• [ASSIGNMENT]: Find "HFOV = 67.6" and "Could you do" in the records below. Copy the lines holding them and every line between, exactly, and no others.

--- PROVIDED INFORMATION Enclosed Below ---

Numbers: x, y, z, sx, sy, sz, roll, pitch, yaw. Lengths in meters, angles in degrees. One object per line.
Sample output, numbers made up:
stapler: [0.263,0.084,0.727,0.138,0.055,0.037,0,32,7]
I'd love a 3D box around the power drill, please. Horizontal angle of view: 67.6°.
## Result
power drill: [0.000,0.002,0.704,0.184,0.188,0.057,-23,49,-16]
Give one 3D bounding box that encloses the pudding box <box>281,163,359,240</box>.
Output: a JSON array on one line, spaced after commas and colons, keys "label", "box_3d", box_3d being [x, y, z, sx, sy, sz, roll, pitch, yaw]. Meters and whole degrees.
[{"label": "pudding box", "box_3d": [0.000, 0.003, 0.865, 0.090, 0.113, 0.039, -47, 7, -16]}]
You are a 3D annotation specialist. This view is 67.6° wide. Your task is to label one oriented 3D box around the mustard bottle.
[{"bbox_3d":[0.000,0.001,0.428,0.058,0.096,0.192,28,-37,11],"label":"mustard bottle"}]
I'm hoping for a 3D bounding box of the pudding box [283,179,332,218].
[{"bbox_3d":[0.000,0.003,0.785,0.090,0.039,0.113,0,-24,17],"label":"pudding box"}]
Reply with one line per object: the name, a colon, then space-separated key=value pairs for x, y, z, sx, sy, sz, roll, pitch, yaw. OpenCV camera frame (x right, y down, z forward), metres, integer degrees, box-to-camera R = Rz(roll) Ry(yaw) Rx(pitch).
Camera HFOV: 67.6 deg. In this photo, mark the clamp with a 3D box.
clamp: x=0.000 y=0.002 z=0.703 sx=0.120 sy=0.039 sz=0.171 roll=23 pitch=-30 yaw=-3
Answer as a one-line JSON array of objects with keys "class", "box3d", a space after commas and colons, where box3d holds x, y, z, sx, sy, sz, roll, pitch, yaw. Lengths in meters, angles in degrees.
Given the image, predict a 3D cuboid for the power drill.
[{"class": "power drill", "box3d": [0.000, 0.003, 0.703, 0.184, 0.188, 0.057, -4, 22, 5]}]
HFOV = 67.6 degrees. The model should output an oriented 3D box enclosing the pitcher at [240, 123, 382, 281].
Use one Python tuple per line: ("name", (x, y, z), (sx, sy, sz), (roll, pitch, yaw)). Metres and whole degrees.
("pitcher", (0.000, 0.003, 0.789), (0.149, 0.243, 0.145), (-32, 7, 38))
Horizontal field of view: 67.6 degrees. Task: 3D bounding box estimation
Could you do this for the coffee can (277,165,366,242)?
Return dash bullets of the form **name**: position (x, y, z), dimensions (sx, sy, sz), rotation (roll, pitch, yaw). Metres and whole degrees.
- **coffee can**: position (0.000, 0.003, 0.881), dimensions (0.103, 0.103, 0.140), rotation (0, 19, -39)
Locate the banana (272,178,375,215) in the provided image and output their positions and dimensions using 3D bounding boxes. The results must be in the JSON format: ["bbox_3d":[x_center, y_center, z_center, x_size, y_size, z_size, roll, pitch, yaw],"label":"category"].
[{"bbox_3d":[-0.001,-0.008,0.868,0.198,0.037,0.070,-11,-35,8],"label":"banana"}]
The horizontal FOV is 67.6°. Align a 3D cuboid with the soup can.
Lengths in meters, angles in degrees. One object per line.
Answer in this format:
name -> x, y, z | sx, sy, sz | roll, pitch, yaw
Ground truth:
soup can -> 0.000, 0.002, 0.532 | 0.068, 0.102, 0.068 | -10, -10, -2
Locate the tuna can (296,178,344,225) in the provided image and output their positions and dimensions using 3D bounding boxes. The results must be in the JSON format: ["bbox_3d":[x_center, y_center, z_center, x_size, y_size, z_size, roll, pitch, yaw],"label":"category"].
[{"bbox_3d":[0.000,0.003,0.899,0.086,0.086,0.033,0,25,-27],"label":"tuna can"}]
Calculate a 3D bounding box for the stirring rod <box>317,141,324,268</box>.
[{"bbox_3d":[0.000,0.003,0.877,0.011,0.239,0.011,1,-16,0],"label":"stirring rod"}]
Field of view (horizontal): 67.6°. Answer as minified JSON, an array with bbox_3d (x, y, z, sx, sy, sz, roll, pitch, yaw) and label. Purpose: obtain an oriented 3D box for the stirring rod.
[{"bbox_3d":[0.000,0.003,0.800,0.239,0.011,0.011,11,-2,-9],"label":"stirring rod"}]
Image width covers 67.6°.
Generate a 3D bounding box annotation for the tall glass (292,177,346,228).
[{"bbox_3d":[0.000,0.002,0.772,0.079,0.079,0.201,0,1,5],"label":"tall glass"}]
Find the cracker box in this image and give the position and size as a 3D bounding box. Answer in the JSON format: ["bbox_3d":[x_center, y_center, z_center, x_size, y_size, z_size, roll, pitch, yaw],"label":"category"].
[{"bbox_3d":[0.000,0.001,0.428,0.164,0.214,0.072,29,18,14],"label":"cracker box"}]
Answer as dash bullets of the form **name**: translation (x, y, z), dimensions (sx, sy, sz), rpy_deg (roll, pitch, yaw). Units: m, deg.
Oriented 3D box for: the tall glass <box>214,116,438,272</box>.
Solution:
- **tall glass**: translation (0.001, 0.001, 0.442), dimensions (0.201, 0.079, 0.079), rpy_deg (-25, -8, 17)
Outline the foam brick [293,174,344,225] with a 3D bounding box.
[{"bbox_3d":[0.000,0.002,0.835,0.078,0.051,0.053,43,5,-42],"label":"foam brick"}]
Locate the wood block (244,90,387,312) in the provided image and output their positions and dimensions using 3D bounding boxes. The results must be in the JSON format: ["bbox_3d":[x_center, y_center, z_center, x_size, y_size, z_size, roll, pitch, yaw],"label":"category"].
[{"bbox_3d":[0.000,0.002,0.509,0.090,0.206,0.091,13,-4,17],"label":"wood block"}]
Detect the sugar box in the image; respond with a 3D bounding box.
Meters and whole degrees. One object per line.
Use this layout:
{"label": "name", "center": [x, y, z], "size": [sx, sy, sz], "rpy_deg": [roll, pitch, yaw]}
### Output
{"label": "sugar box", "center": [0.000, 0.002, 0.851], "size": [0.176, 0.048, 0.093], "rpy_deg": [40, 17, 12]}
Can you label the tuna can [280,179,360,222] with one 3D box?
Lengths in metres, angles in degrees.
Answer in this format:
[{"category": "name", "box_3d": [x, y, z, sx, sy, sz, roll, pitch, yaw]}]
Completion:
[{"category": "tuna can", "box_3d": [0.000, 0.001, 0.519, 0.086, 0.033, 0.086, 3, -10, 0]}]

--- End of Enclosed PROVIDED INFORMATION ---

• [WRITTEN ANSWER]:
HFOV = 67.6 degrees. The model should output an oriented 3D box enclosing the pitcher at [240, 123, 382, 281].
Use one Python tuple per line: ("name", (x, y, z), (sx, sy, sz), (roll, pitch, yaw)). Metres and whole degrees.
("pitcher", (0.000, 0.003, 0.789), (0.149, 0.243, 0.145), (-32, 7, 38))
Horizontal field of view: 67.6 degrees. Task: 3D bounding box estimation
Could you do this for the coffee can (277,165,366,242)?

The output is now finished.